- EXERCISE INPUTS
========

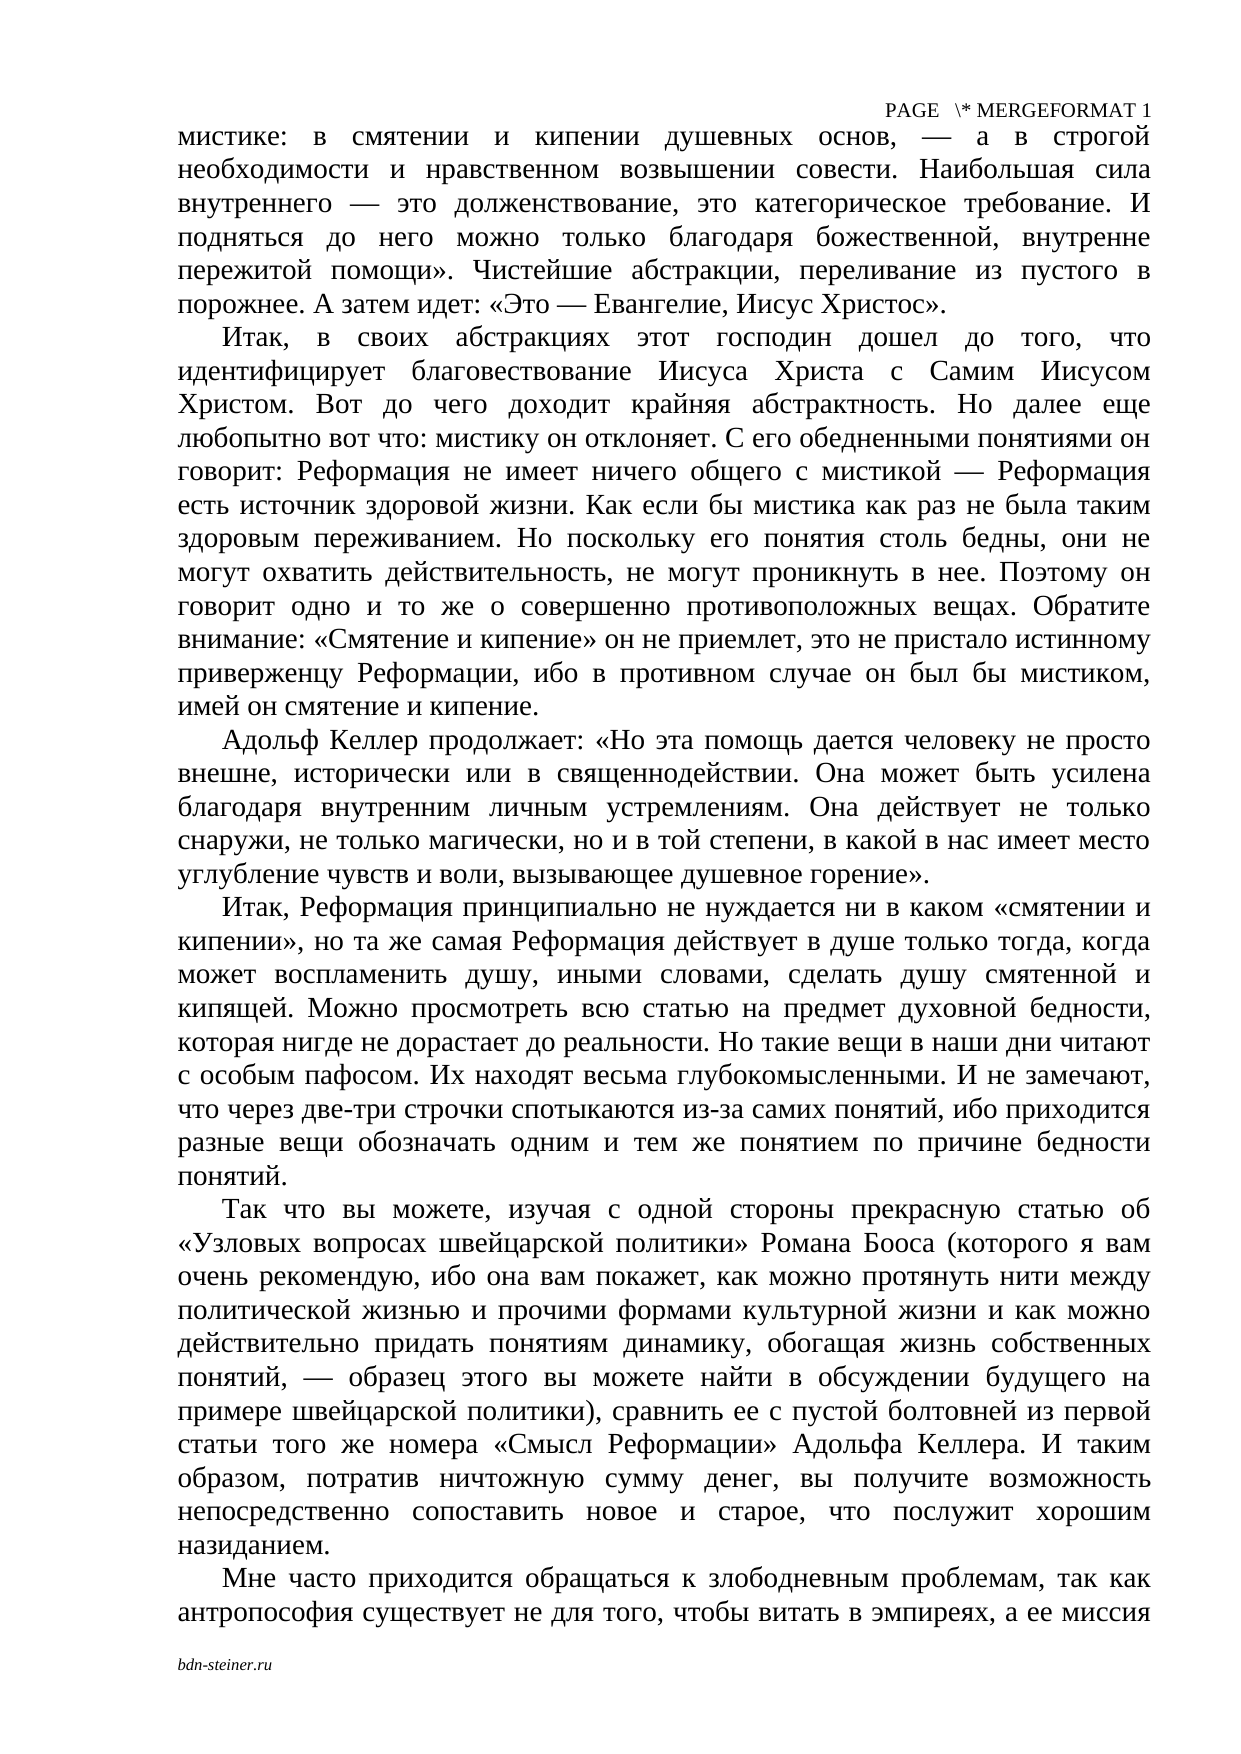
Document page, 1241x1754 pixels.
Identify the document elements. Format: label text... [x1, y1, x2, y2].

text Мне часто приходится обращаться к злободневным проблемам, так как антропософия существует не для того, чтобы витать в эмпиреях, а ее миссия [177, 1560, 1152, 1627]
text Итак, в своих абстракциях этот господин дошел до того, что идентифицирует благовествование Иисуса Христа с Самим Иисусом Христом. Вот до чего доходит крайняя абстрактность. Но далее еще любопытно вот что: мистику он отклоняет. С его обедненными понятиями он говорит: Реформация не имеет ничего общего с мистикой — Реформация есть источник здоровой жизни. Как если бы мистика как раз не была таким здоровым переживанием. Но поскольку его понятия столь бедны, они не могут охватить действительность, не могут проникнуть в нее. Поэтому он говорит одно и то же о совершенно противоположных вещах. Обратите внимание: «Смятение и кипение» он не приемлет, это не пристало истинному приверженцу Реформации, ибо в противном случае он был бы мистиком, имей он смятение и кипение. [177, 319, 1152, 722]
text мистике: в смятении и кипении душевных основ, — а в строгой необходимости и нравственном возвышении совести. Наибольшая сила внутреннего — это долженствование, это категорическое требование. И подняться до него можно только благодаря божественной, внутренне пережитой помощи». Чистейшие абстракции, переливание из пустого в порожнее. А затем идет: «Это — Евангелие, Иисус Христос». [177, 118, 1152, 319]
text Так что вы можете, изучая с одной стороны прекрасную статью об «Узловых вопросах швейцарской политики» Романа Бооса (которого я вам очень рекомендую, ибо она вам покажет, как можно протянуть нити между политической жизнью и прочими формами культурной жизни и как можно действительно придать понятиям динамику, обогащая жизнь собственных понятий, — образец этого вы можете найти в обсуждении будущего на примере швейцарской политики), сравнить ее с пустой болтовней из первой статьи того же номера «Смысл Реформации» Адольфа Келлера. И таким образом, потратив ничтожную сумму денег, вы получите возможность непосредственно сопоставить новое и старое, что послужит хорошим назиданием. [177, 1191, 1152, 1560]
text Адольф Келлер продолжает: «Но эта помощь дается человеку не просто внешне, исторически или в священнодействии. Она может быть усилена благодаря внутренним личным устремлениям. Она действует не только снаружи, не только магически, но и в той степени, в какой в нас имеет место углубление чувств и воли, вызывающее душевное горение». [177, 722, 1152, 889]
text Итак, Реформация принципиально не нуждается ни в каком «смятении и кипении», но та же самая Реформация действует в душе только тогда, когда может воспламенить душу, иными словами, сделать душу смятенной и кипящей. Можно просмотреть всю статью на предмет духовной бедности, которая нигде не дорастает до реальности. Но такие вещи в наши дни читают с особым пафосом. Их находят весьма глубокомысленными. И не замечают, что через две-три строчки спотыкаются из-за самих понятий, ибо приходится разные вещи обозначать одним и тем же понятием по причине бедности понятий. [177, 889, 1152, 1191]
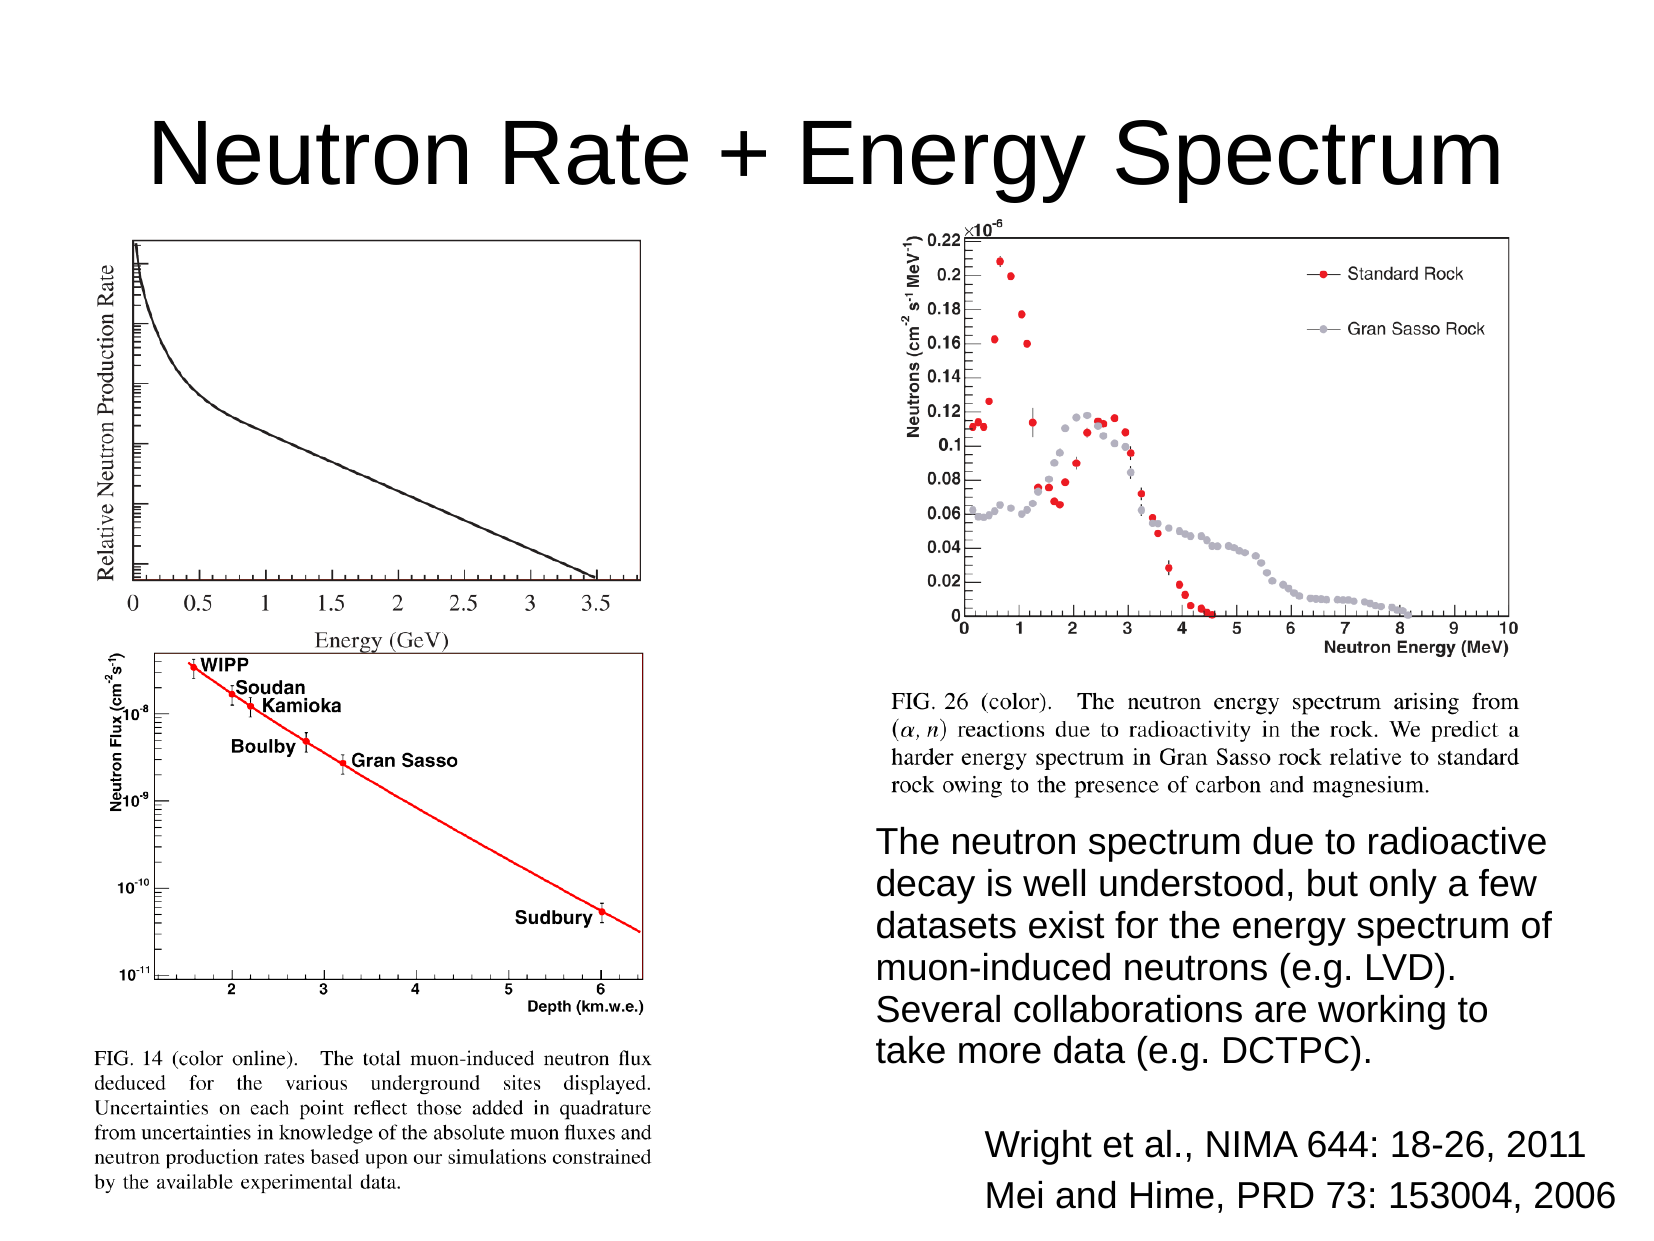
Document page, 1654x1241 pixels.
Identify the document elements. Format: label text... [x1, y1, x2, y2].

text_box Mei and Hime, PRD 73: 153004, 2006 [969, 1166, 1632, 1224]
title Neutron Rate + Energy Spectrum [82, 49, 1571, 257]
picture [80, 226, 667, 1194]
text_box Wright et al., NIMA 644: 18-26, 2011 [969, 1115, 1654, 1173]
text_box The neutron spectrum due to radioactive decay is well understood, but only a few datasets exist for the energy spectrum of muon-induced neutrons (e.g. LVD). Several collaborations are working to take more data (e.g. DCTPC). [860, 812, 1581, 1083]
picture [886, 212, 1536, 801]

========

- ABOUT THIS TASK
Leave the pictures out and output exactly the lines above, from the start of the listing through the line with "text Мне часто".

- YOUR SOLUTION
Document page, 1241x1754 pixels.
Identify the document elements. Format: label text... [x1, y1, x2, y2].

text Мне часто приходится обращаться к злободневным проблемам, так как антропософия существует не для того, чтобы витать в эмпиреях, а ее миссия [177, 1560, 1152, 1627]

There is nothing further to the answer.